**About this exercise:**
Using the records below, repeat exactly the lines from the one holding "text a. de titel" through the one holding "text 4. Het", both ends included, and no others.

Recorded data
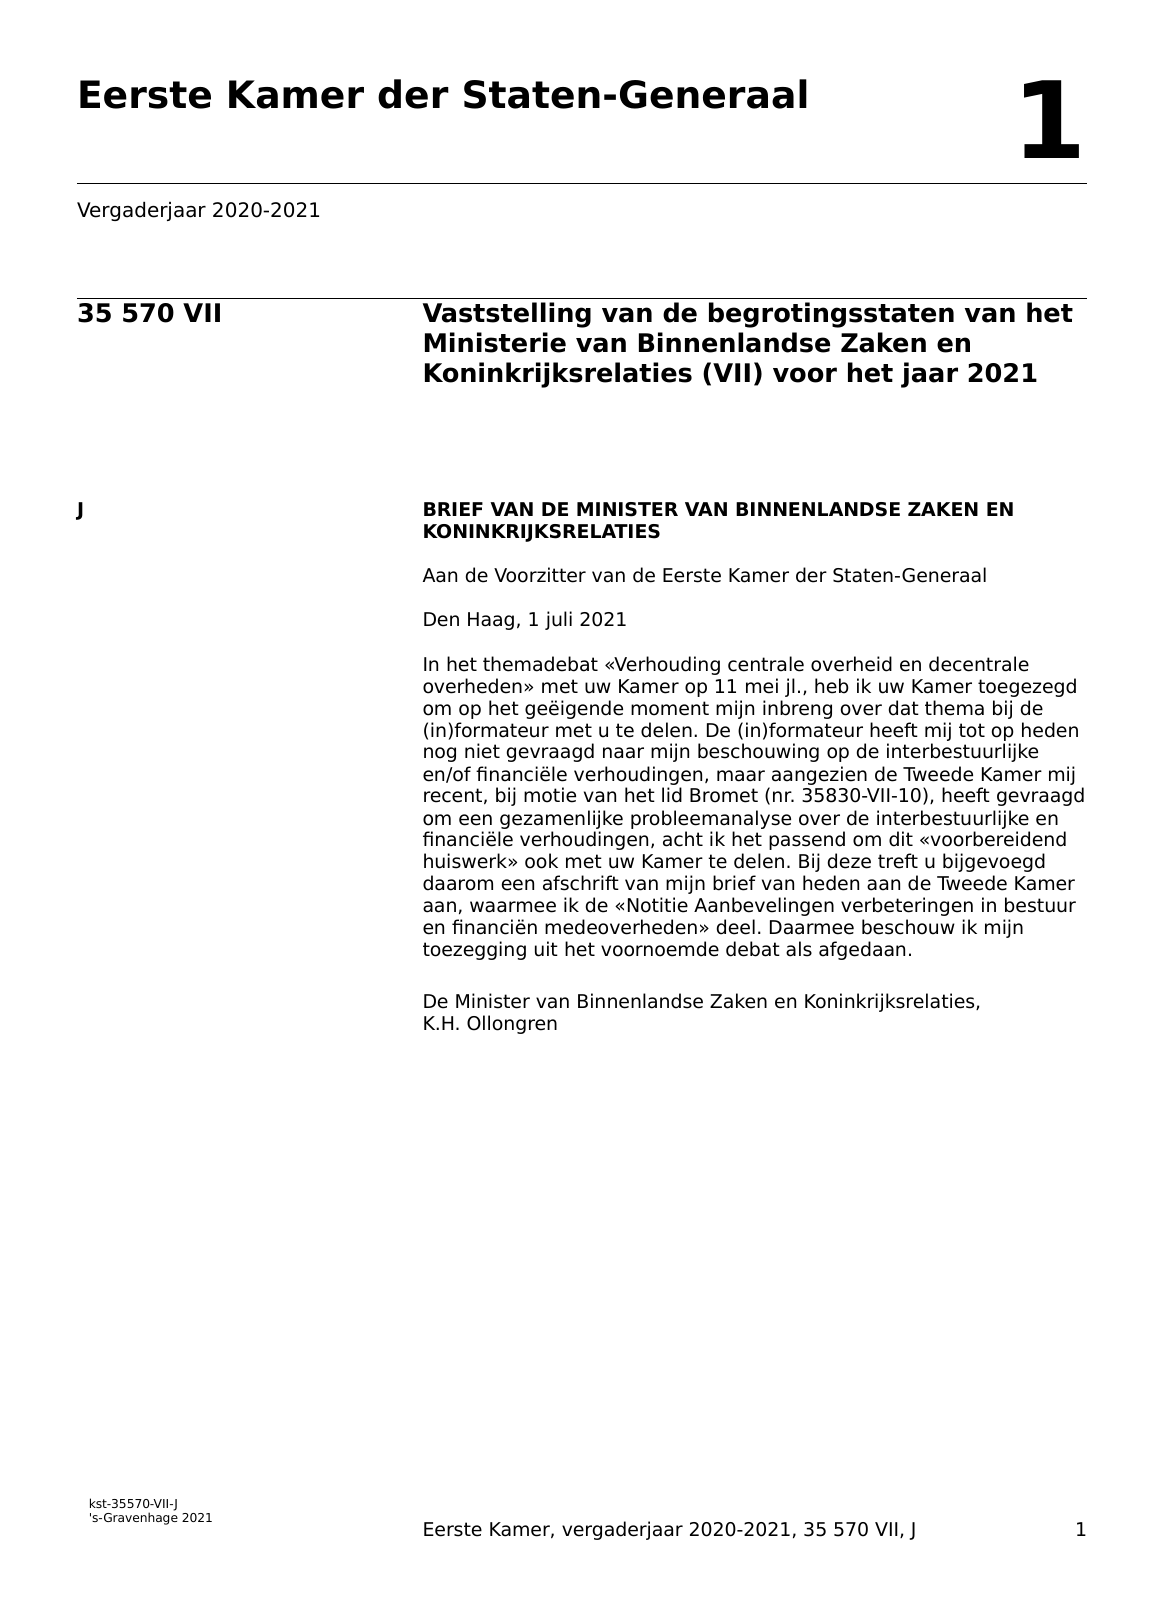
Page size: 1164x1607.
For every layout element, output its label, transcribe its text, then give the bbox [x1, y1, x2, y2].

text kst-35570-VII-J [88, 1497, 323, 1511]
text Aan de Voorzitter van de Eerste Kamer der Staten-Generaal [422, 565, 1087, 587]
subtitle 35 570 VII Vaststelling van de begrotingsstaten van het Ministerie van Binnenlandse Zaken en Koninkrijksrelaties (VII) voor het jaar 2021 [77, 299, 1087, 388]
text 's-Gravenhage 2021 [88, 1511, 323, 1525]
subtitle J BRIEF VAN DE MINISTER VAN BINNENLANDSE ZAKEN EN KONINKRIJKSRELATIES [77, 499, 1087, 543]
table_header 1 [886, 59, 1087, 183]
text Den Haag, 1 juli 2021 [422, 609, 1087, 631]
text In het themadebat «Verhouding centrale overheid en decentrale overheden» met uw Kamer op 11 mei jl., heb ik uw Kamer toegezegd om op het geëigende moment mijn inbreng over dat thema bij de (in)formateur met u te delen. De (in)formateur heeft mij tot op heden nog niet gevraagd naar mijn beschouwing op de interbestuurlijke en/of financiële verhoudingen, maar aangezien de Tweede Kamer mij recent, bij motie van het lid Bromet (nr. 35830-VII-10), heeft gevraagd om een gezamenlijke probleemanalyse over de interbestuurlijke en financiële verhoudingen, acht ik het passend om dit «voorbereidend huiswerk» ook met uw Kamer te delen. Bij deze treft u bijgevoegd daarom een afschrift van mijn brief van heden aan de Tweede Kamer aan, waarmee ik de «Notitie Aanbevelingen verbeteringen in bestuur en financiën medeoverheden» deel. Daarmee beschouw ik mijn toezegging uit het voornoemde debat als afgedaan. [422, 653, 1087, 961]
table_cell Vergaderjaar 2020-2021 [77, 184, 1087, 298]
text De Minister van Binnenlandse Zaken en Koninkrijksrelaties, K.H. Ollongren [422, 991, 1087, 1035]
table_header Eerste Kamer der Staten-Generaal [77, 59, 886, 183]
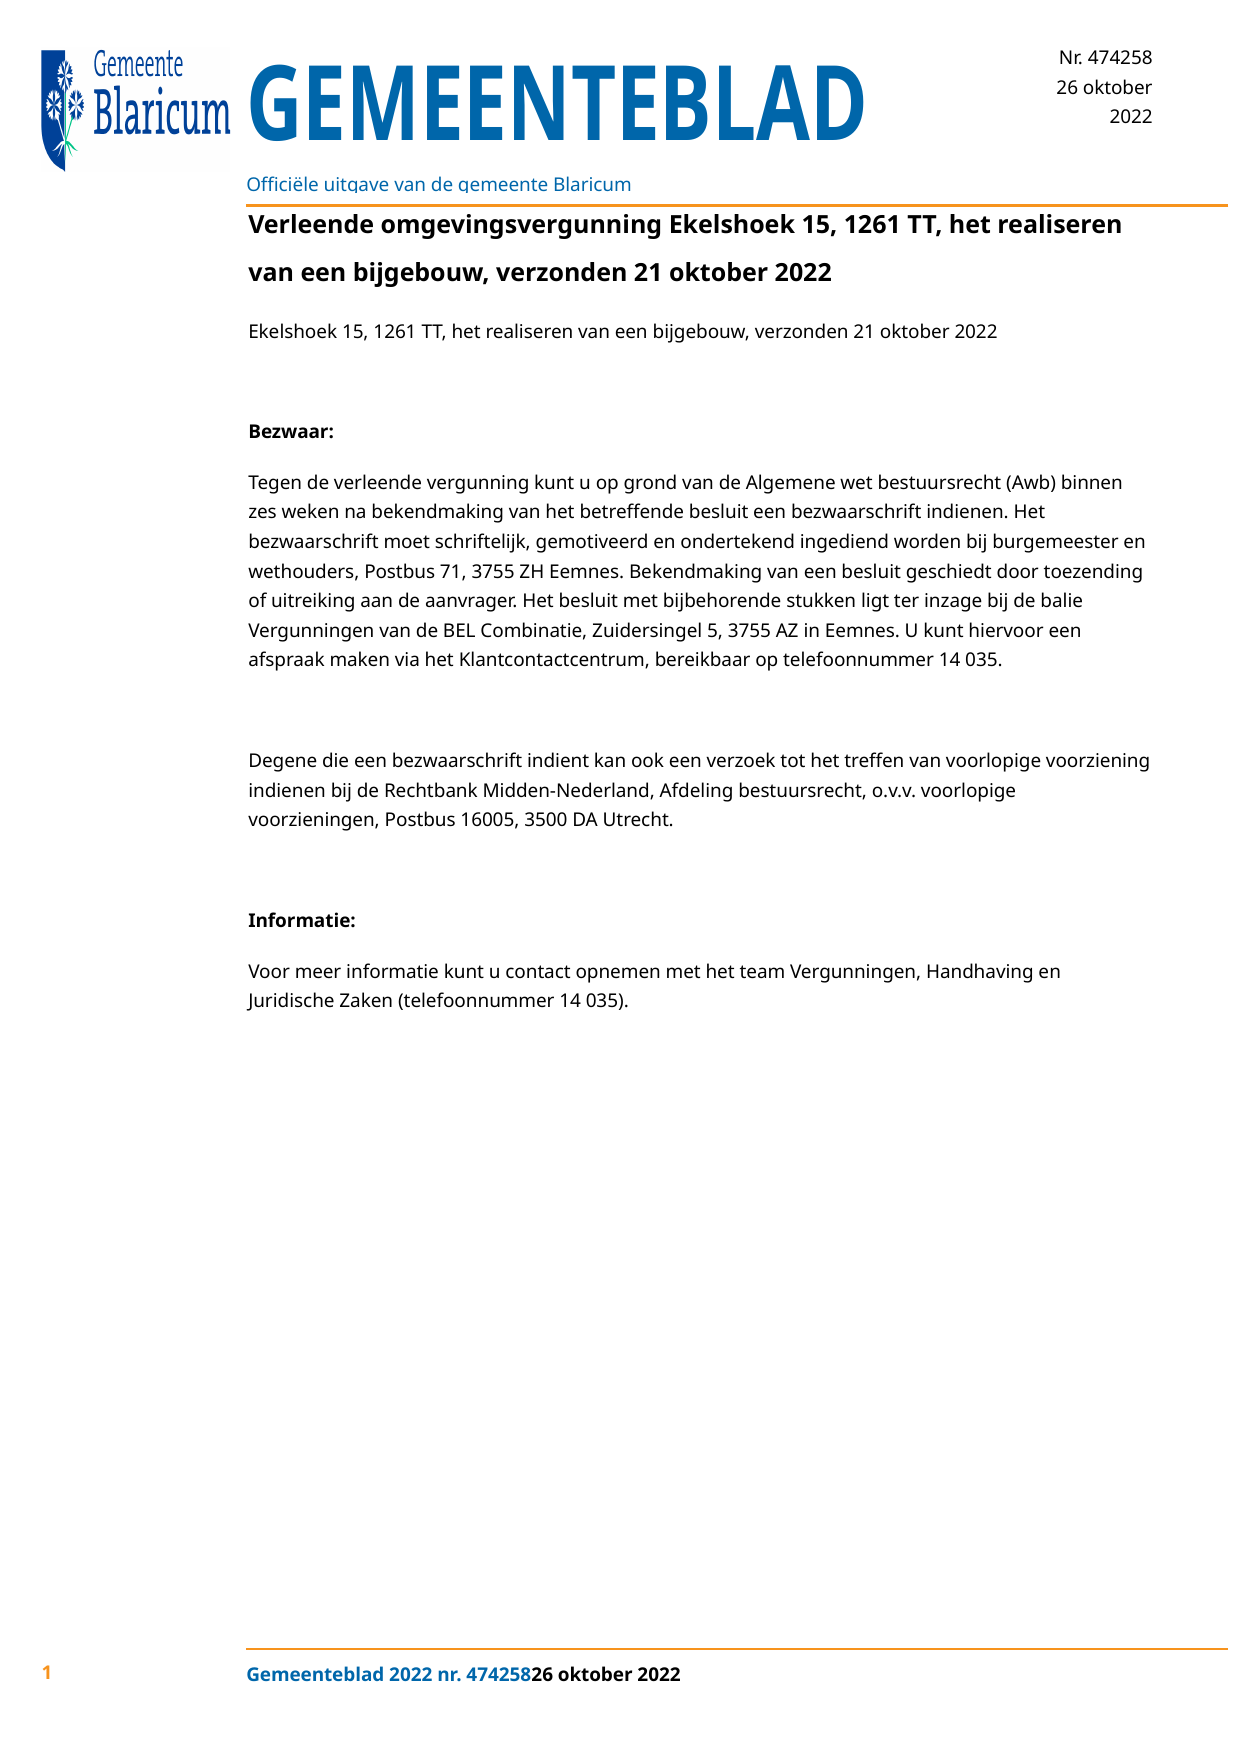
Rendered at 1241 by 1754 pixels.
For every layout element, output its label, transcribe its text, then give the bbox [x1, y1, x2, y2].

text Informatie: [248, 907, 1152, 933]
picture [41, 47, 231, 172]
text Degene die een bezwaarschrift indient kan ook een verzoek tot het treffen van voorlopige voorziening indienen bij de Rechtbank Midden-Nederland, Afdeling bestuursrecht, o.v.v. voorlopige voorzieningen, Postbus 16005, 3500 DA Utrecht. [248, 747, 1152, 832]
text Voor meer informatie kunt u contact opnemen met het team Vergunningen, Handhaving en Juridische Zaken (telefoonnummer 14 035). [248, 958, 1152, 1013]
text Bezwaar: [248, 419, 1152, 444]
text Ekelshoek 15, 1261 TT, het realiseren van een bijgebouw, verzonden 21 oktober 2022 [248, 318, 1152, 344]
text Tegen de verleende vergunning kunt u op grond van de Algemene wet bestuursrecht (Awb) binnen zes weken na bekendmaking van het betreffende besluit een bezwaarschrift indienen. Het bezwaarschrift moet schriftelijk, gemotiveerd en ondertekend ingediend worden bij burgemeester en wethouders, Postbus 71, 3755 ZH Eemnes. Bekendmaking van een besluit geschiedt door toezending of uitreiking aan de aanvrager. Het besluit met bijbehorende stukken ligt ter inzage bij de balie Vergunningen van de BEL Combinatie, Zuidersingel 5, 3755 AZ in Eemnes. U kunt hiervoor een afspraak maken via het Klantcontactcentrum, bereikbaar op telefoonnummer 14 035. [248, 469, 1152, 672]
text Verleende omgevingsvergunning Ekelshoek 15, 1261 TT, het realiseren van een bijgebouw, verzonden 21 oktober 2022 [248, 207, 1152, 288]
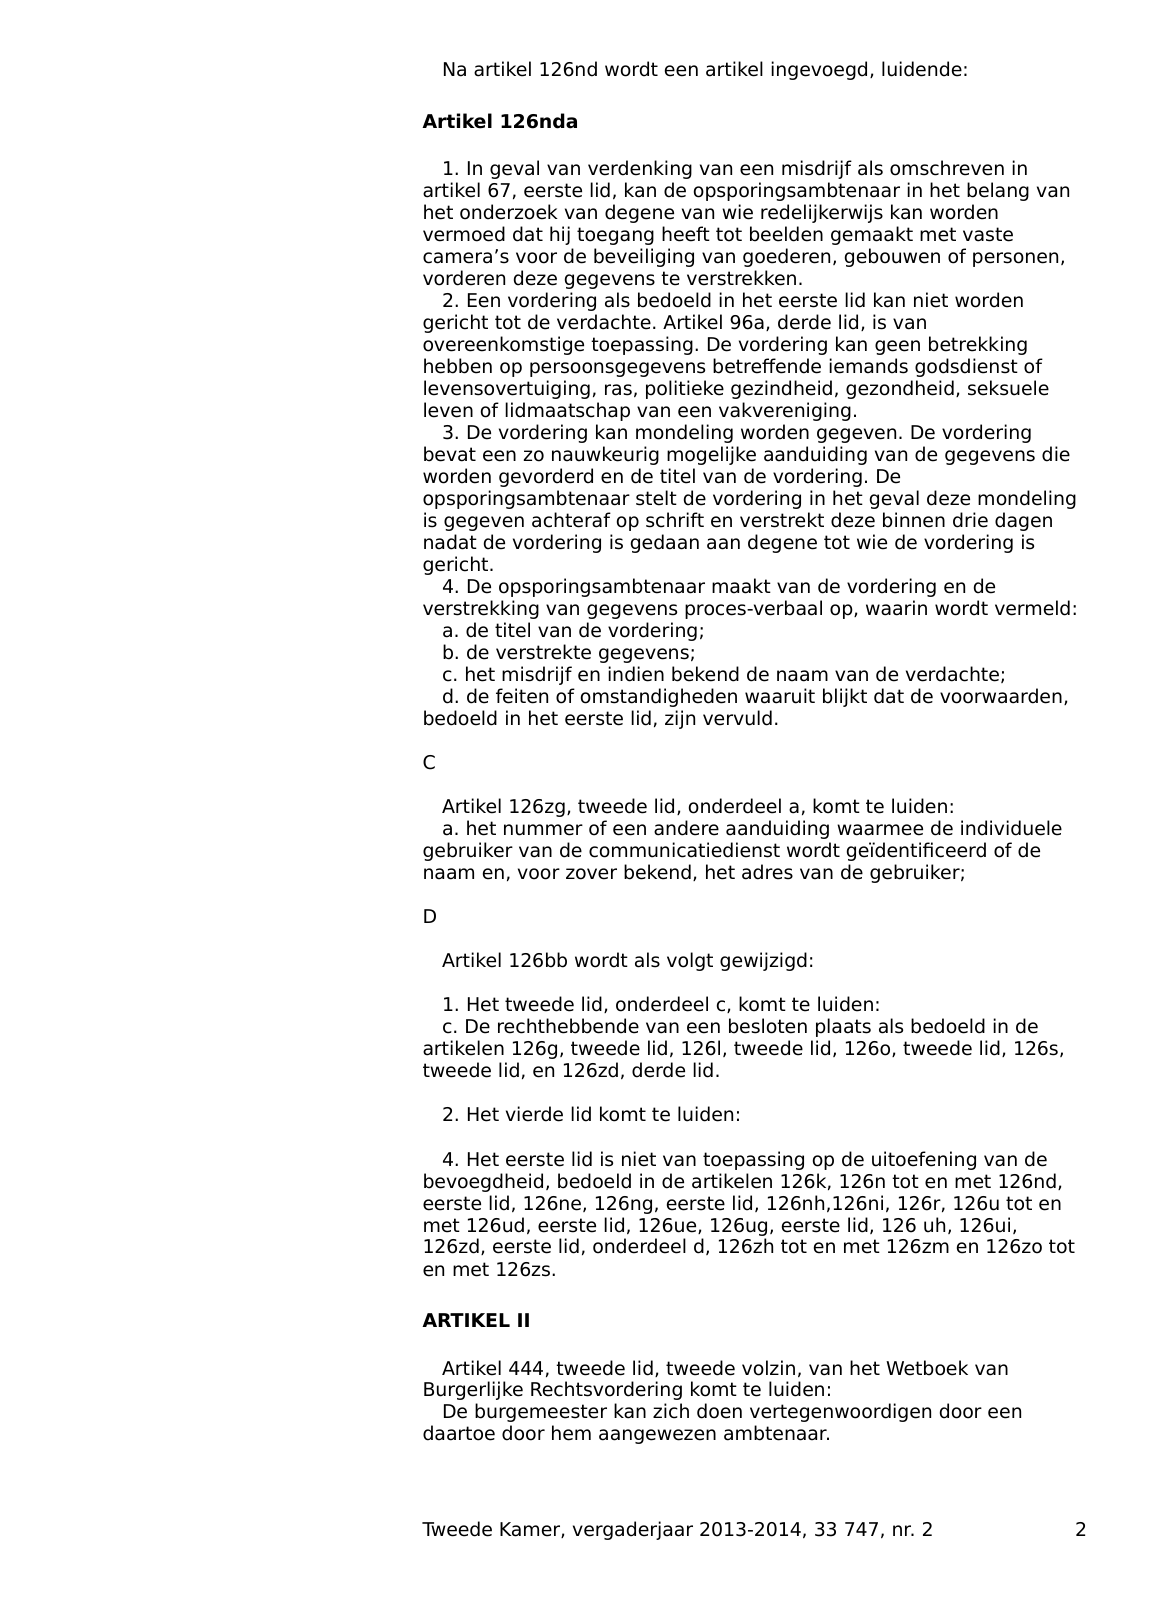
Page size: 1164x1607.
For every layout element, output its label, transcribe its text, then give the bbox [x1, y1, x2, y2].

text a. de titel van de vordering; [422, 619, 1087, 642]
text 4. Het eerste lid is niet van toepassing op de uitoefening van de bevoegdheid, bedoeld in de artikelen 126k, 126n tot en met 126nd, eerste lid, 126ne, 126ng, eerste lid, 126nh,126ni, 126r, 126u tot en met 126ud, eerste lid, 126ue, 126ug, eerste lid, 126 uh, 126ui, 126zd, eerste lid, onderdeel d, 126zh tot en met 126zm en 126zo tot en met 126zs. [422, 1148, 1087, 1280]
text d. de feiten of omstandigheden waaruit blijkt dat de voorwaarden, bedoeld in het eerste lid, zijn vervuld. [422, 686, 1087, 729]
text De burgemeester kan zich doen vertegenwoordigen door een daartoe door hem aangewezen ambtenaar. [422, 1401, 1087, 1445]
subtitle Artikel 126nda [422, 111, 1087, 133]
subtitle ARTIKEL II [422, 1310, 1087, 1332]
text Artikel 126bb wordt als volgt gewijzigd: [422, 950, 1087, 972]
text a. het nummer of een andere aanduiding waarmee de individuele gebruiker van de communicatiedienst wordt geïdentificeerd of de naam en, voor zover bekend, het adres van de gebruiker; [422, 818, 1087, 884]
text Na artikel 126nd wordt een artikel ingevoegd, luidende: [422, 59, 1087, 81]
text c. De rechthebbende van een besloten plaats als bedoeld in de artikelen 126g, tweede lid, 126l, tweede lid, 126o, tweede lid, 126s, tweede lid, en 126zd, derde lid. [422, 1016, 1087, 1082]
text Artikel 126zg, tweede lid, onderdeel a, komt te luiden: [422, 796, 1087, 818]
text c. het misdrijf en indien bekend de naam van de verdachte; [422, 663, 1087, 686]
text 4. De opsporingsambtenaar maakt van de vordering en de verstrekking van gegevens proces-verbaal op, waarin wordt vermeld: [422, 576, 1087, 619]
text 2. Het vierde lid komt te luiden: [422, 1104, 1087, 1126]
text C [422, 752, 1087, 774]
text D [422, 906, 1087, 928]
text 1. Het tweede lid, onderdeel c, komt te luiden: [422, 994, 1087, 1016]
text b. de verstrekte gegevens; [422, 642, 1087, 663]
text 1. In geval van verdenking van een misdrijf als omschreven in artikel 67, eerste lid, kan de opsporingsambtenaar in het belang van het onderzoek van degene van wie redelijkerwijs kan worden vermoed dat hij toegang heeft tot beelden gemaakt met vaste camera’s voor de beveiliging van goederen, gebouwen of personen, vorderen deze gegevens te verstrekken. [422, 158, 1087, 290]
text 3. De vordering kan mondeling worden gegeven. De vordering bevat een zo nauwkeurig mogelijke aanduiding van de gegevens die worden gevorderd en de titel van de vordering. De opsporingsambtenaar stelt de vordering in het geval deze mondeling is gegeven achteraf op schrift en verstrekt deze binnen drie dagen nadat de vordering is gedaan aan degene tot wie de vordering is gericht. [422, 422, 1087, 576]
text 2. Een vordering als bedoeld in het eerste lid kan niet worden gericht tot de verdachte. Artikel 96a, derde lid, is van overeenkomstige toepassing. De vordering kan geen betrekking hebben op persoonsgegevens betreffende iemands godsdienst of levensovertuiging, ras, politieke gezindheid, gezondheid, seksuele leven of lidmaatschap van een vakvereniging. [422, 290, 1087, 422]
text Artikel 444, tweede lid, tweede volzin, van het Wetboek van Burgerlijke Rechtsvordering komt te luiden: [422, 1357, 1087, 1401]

**Result for this exercise:**
text a. de titel van de vordering; [422, 619, 1087, 642]
text 4. Het eerste lid is niet van toepassing op de uitoefening van de bevoegdheid, bedoeld in de artikelen 126k, 126n tot en met 126nd, eerste lid, 126ne, 126ng, eerste lid, 126nh,126ni, 126r, 126u tot en met 126ud, eerste lid, 126ue, 126ug, eerste lid, 126 uh, 126ui, 126zd, eerste lid, onderdeel d, 126zh tot en met 126zm en 126zo tot en met 126zs. [422, 1148, 1087, 1280]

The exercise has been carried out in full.